If it's non-random, distances within the set will be significantly smaller and will contribute negligibly to the denominator, bringing the result closer to 1.
Types of Underlying Clusters It Can Recognize
K-Means is very good at recognizing globular clusters of a consistent density and similar size.
This means the cluster will be shaped like a circle, a sphere, or a hypersphere, depending on the dimension you're working in. This is logical, because it relies on the distance from the center to determine whether something belongs to a cluster, so its borders being more or less equidistant from the center naturally makes it spherical:
This, however, means that it's terrible at recognizing clusters of different shapes. It cannot really be tweaked to fix this problem because it's the core of the algorithm, so the only recommendation we can give here is to try your best to visualize your data beforehand and see the shapes that you're aiming to cluster.
If you can't do that effectively, another indication that this may be a problem is high SEE when testing your K-Means clustering.

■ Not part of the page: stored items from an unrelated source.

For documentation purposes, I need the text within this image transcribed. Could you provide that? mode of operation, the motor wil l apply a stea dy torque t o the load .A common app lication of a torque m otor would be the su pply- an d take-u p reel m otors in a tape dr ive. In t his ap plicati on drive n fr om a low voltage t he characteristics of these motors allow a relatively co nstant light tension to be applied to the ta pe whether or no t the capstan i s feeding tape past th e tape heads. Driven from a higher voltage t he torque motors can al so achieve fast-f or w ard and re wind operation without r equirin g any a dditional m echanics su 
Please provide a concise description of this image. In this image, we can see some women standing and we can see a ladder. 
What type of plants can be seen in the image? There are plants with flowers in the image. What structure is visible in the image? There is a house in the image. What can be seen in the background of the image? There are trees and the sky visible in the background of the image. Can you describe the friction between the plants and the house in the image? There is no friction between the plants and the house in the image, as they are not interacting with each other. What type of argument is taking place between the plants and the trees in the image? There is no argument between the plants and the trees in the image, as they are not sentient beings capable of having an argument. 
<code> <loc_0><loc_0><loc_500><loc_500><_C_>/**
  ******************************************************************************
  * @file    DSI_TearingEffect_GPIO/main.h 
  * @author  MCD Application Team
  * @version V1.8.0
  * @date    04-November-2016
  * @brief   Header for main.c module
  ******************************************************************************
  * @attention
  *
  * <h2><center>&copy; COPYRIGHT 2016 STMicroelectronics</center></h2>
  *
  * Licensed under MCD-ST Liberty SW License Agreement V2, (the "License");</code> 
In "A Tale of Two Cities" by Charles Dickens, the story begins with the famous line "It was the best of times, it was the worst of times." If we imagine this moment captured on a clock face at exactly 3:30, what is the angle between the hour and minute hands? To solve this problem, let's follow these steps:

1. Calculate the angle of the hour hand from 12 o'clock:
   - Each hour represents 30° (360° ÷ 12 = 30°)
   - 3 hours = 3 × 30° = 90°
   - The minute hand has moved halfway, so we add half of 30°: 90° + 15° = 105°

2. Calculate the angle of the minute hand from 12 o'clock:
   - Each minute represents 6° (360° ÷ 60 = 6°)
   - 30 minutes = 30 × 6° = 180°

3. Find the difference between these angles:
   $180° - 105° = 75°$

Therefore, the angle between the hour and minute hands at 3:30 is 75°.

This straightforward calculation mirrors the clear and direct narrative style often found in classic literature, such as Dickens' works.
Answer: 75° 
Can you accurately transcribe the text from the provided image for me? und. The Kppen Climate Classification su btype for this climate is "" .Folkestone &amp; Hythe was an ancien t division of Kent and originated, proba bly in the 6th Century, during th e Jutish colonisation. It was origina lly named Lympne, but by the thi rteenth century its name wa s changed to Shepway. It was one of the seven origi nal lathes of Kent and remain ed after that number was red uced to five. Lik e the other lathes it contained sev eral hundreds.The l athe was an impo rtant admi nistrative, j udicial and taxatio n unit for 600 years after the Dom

If that's the case and you can't fix it by removing outliers or taking similar steps, consider using a different clustering method that's better suited to different shapes of clusters (i.e. DBSCAN) and seeing if your results improve:
The second very obvious type of dataset K-Means will have problems with is a dataset full of clusters with inconsistent sizes. If you have a big wide cluster and right beside it a tiny cluster, the tiny cluster will often be entirely swallowed by the big one.
This is because it doesn't severely negatively impact its SSE because it just slightly increases its diameter. If we somehow do end up with two centroids in these two clusters, the big cluster would likely be divided in two rather than detecting the actual existing clusters.
This is again because the SSE of a big wide cluster and a tiny one is going to be greater than the SSE of a halved big cluster. Again, as with previous sections, we recommend visualization and/or comparing results with different methods (i.e. hierarchical clustering) to determine whether this causes problems.
And the third mentioned problem is clusters of varying densities. Dense points are going to have a larger effect on the average than those who aren't as densely packed and they're going to be closer to their centroid than those that aren't as densely packed. Less dense clusters are going to have larger SSE and get broken apart and consumed into the surrounding dense clusters.
Here's an illustration of the problem of clusters with varying sizes and densities:
Variations of K-Means
There are variations of this algorithm that differ mainly in how the centroid is chosen. Here's a list of some of them:
- K-Modes - centroid is the item created by selecting the most frequent occurrence in the cluster for each attribute.
- K-Medoids - similar to a mean, but it's restricted to being an actual member of the data set, rather than just a possible value.
- K-Median - instead of the mean, we use the median or the "middle element" for each attribute to create our centroid.
- Expectation–Maximization (EM) Clustering using Gaussian Mixture Models (GMM) - detects elliptical shapes through using both a mean and a standard deviation to define membership in a cluster.
Conclusion
We have provided an intuition behind K-Means through drawing parallels with the human experience, went through the details of how it can be implemented, various concerns we should be mindful of when implementing it, and common problems encountered while working with it. We've also mentioned similar algorithms, as well as alternative clustering algorithms for situations where K-Means falls short.